- _About this exercise_
Across these entries, how many lines contain the word "name"? Answer with only the number.

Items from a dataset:
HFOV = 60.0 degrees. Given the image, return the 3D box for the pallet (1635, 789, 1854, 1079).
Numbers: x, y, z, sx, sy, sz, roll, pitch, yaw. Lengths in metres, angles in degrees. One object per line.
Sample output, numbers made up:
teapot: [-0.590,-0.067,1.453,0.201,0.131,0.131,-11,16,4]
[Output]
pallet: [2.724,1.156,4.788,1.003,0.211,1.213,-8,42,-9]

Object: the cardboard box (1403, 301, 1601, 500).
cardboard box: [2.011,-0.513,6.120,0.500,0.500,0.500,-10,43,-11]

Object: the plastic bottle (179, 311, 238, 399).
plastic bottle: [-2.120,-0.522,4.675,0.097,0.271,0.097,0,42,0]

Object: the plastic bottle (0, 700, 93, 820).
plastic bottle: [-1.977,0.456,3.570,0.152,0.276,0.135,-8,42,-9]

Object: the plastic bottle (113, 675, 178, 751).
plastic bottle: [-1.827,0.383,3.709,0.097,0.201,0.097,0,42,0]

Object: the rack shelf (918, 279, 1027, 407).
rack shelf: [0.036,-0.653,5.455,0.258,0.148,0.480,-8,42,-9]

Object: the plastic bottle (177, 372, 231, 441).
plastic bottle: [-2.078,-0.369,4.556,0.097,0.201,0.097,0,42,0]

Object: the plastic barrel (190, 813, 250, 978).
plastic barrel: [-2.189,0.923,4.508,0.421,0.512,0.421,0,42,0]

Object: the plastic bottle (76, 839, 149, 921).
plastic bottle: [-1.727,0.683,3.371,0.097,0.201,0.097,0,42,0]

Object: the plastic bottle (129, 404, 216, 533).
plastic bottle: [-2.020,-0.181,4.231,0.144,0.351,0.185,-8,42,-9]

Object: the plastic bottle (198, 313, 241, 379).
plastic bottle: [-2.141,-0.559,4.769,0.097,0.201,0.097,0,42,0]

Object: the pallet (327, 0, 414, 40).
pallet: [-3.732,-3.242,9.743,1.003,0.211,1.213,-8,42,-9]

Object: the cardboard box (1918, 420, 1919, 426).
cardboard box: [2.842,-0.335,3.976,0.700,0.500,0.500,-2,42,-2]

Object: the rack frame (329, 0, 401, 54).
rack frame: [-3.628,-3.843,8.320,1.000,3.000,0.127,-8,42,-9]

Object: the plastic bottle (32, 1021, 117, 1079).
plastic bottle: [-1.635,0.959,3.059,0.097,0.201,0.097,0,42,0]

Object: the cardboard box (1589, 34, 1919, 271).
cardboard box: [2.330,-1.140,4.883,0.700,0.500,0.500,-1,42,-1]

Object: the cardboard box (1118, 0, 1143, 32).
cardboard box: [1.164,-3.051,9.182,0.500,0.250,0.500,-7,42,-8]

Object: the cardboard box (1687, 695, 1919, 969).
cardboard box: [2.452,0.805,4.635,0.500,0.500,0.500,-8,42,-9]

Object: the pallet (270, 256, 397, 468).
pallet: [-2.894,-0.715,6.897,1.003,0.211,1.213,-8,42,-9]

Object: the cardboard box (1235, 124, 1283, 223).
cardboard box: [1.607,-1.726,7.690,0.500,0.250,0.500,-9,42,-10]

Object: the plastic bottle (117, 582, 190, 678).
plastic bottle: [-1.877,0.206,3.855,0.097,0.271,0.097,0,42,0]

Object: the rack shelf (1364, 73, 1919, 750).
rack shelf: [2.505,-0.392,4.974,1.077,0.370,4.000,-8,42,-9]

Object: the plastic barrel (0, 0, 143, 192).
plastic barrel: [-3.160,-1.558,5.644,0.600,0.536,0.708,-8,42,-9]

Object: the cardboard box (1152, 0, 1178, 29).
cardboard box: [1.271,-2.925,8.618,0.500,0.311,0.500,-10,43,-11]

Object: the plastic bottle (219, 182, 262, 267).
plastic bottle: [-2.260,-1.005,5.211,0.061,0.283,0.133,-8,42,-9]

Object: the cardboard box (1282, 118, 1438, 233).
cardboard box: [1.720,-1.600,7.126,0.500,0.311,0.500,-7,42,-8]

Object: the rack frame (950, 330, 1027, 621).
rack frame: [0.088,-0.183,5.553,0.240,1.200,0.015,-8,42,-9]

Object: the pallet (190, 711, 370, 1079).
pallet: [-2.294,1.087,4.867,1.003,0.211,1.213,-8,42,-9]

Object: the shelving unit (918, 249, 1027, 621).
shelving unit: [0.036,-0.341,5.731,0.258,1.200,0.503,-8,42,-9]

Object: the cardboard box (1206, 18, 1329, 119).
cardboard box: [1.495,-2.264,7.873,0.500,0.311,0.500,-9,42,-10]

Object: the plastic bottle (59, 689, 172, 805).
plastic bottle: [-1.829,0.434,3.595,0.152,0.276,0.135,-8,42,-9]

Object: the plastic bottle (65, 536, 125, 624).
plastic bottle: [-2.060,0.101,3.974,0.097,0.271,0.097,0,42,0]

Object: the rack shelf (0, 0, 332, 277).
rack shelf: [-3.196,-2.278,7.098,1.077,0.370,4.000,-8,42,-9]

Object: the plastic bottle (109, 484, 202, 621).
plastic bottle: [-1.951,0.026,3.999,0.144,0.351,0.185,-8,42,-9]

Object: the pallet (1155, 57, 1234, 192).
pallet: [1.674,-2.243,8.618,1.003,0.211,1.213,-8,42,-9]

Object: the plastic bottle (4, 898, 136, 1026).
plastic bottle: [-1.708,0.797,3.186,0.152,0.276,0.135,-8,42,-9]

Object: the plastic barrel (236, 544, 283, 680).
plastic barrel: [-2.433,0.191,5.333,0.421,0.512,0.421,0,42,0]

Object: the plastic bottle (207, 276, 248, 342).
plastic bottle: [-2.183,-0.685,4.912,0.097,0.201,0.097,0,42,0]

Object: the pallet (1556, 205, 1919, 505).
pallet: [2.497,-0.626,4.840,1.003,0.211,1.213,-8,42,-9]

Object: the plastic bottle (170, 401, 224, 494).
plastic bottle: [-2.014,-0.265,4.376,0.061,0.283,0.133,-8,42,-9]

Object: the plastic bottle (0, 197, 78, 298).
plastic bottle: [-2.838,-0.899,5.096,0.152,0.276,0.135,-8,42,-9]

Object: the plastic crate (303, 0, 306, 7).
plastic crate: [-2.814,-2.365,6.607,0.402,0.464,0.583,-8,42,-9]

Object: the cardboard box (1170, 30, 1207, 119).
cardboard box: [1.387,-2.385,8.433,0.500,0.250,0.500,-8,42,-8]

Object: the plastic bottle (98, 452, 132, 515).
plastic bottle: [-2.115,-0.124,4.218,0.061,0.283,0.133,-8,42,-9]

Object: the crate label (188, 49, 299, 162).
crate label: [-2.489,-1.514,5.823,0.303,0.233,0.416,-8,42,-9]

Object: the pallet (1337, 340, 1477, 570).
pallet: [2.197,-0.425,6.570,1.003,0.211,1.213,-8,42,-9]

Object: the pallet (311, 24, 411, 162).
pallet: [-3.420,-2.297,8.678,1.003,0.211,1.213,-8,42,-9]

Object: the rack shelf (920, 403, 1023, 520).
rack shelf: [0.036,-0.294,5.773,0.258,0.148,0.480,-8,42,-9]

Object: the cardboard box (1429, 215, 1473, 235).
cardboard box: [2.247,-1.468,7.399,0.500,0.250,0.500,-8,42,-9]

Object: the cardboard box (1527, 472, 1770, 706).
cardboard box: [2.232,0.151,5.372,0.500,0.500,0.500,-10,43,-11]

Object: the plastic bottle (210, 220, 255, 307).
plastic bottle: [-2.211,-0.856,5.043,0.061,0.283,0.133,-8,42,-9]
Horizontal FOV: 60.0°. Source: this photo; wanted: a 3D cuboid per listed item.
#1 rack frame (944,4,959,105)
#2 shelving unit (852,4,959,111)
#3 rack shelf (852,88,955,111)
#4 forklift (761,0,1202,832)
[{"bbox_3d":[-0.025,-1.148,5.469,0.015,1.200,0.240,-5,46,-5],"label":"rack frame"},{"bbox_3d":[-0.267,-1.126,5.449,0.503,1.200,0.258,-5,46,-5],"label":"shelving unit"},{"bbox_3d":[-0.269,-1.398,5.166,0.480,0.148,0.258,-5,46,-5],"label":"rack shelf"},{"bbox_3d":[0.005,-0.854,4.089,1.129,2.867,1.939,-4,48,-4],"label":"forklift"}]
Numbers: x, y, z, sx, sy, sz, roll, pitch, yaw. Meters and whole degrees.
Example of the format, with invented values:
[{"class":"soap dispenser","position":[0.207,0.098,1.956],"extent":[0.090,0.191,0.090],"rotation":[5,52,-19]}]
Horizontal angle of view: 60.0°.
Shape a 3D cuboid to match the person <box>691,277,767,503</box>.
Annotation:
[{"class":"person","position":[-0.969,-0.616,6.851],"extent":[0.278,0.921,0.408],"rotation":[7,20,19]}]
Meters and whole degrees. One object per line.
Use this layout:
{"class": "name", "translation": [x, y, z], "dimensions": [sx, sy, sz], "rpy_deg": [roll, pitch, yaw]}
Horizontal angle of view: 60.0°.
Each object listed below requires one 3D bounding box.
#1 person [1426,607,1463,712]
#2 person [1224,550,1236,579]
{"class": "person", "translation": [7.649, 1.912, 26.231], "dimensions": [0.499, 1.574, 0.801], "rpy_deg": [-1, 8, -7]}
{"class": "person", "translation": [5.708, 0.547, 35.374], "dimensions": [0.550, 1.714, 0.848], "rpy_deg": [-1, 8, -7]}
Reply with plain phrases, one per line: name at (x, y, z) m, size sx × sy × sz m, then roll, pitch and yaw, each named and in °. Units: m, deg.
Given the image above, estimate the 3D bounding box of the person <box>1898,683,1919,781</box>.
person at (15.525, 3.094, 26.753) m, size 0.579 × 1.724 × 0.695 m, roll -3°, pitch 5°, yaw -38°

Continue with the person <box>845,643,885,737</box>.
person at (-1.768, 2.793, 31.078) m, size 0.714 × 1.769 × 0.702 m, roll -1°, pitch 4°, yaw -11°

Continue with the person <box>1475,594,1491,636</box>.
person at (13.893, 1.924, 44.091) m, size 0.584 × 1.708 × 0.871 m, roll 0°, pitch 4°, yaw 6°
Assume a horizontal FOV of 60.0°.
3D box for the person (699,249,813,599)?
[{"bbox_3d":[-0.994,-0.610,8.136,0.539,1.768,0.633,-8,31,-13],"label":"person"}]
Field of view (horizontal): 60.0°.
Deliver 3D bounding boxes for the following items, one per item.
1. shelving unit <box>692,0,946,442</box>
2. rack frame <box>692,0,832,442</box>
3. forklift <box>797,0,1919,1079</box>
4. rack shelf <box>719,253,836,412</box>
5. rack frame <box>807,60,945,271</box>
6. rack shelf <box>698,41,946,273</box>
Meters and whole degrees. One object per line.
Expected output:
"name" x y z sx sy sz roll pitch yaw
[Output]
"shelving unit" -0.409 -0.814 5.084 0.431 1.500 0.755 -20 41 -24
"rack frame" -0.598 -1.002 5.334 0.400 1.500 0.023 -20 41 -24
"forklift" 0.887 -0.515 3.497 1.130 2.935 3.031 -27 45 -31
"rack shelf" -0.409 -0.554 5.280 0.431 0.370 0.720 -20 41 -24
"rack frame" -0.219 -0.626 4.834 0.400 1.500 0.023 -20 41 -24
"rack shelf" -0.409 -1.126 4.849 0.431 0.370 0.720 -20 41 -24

- _Completed exercise_
3